During the same year, Sân-Giorgiu's newspaper published influential essays by Mihail Manoilescu, who advocated corporatism and called for its implementation in the National Legionary State. Having survived the violent clash between the Iron Guard and their nominal partner, Conducător Ion Antonescu (events known as the Legionary Rebellion), he left Romania after Antonescu's regime and Romania's alliance to the Axis powers crumbled in autumn 1944 (see Soviet occupation of Romania). He joined Sima's Vienna-based Legionary cabinet, holding a nominal office as Minister of Education. The justice system in Communist Romania tried him in absentia, and sentenced him to death. The writer died in exile.
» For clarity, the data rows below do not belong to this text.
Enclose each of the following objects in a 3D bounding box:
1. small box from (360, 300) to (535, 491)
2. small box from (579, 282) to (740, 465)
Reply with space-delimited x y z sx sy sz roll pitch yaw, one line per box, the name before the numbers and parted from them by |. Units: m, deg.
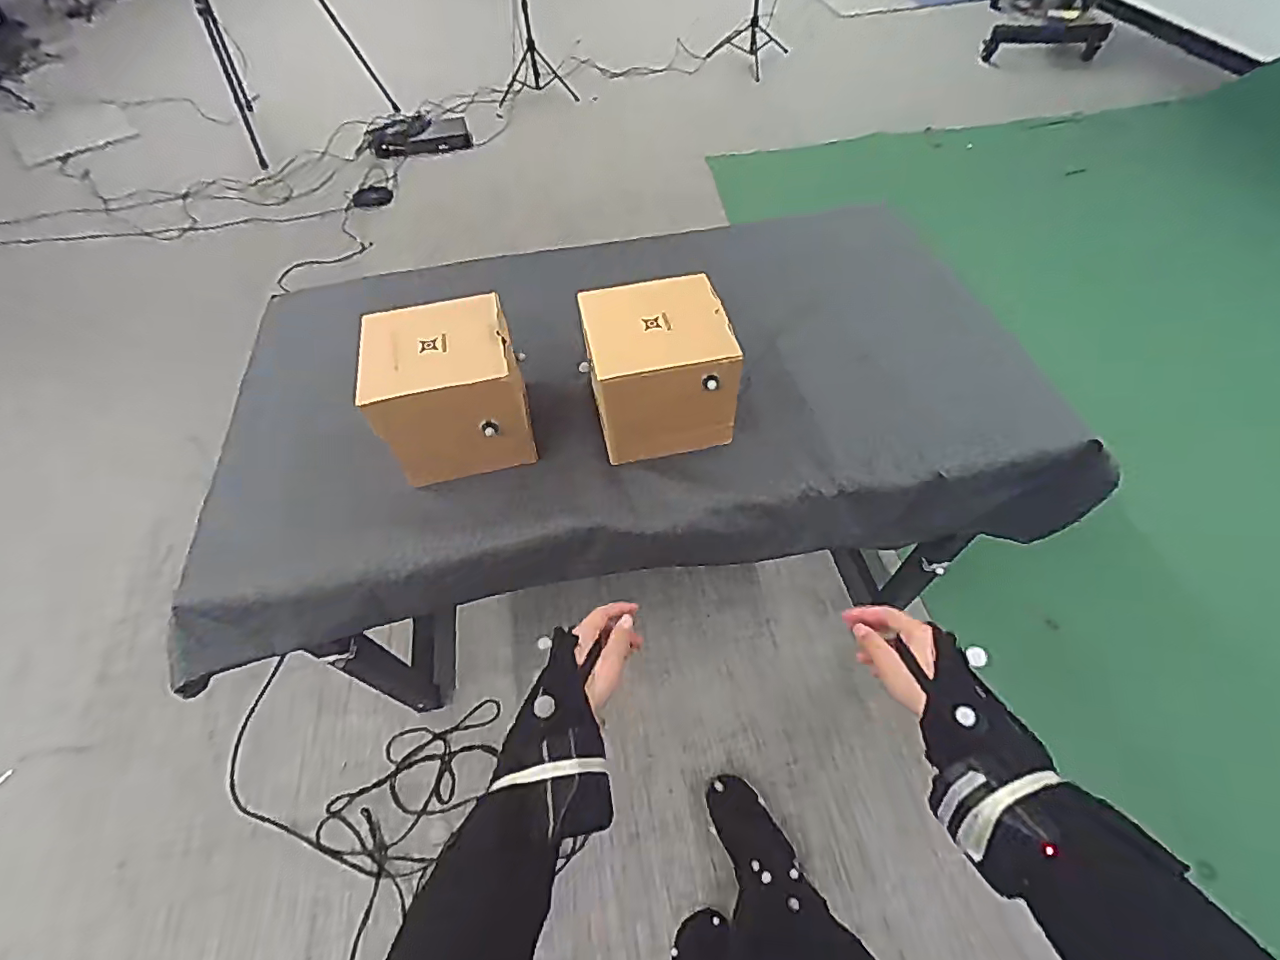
small box | -0.246 -0.109 0.727 0.179 0.176 0.168 -14 54 -5
small box | 0.023 -0.139 0.735 0.179 0.176 0.168 -11 55 -5

Sân-Giorgiu's daughter, Ioana, stayed behind in Romania. She later married Vintilă Corbul, a genre fiction author, screenwriter and former lawyer, who had faced political persecution in the 1950s. Ioana Sân-Giorgiu died of cancer in 1969; ten years later, Corbul defected and restarted his writing career in France (where he died in 2008).

==Work==
Sân-Giorgiu's early Sămănătorist works, influenced by Panait Cerna and Mihai Eminescu, were thought by Lovinescu to be "lacking in originality". As he gradually moved towards modernism, Lovinescu notes, the poet displayed "abuse of imagery", "the perkiness of free forms", "egocentrism" and "tumultuous sensualism."
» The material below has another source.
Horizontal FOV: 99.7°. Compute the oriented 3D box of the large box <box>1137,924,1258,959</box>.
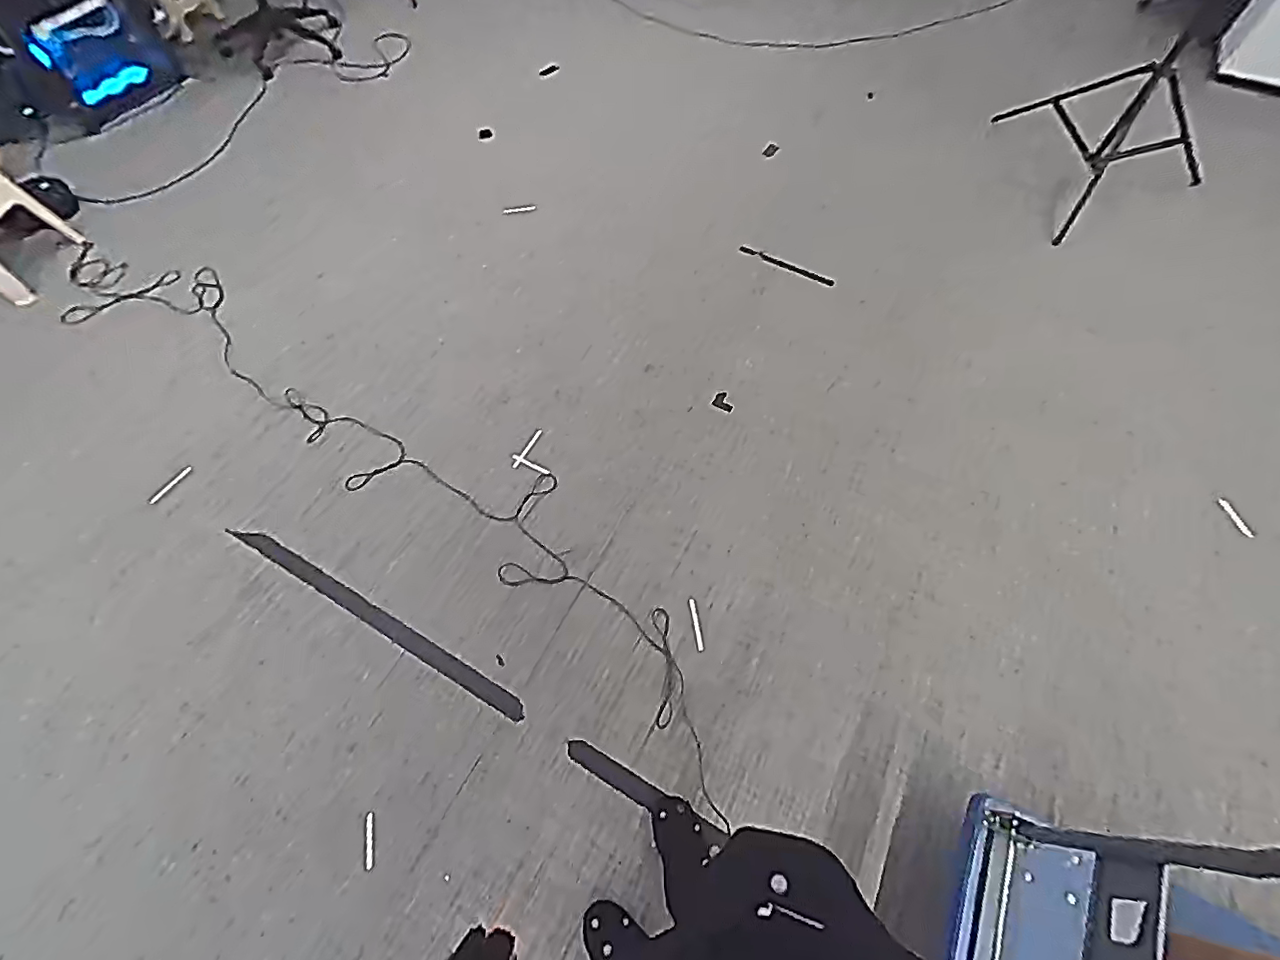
[{"bbox_3d":[1.011,0.969,0.776,0.320,0.320,0.408,17,64,10],"label":"large box"}]

The earliest of his plays were characterized by Lovinescu as "Expressionist travesties, which do away with observation and even with talent, being content with ideas and theories". Masca showed the interactions between three amorous couples, all of whom are masked. One of the pairs, a female billionaire and her male artist lover, find themselves on the verge of an existential crisis as their masks are removed, and is on the verge of splitting up. According to Lovinescu: "It's fortunate that the author-theorist would intervene to put [their masks] up again, thus enabling them to go on lying to one another." In the 1925 drama Femeia cu două suflete ("The Woman with Two Souls"), Expressionism is toned down, but still present, particularly in the author's refusal to specify the setting and the characters' background—in reference to this aspect, Lovinescu writes: "Nothing [in it] is [...] seen, individualized, localized; everything is reduced to a possible subject." The plot deals with a forceful ménage à trois situation: the female singer Mona, obsessively loved by the sculptor Dionis, accepts the advances of Fink, a theater manager, and, overwhelmed by shame, decides to kill herself.

By 1926, having discarded Expressionism and returned to a traditional style, Sân-Giorgiu wrote a series of satirical plays, among which was Banchetul ("The Banquet"). Lovinescu notes that they owed inspiration to 19th century author Ion Luca Caragiale.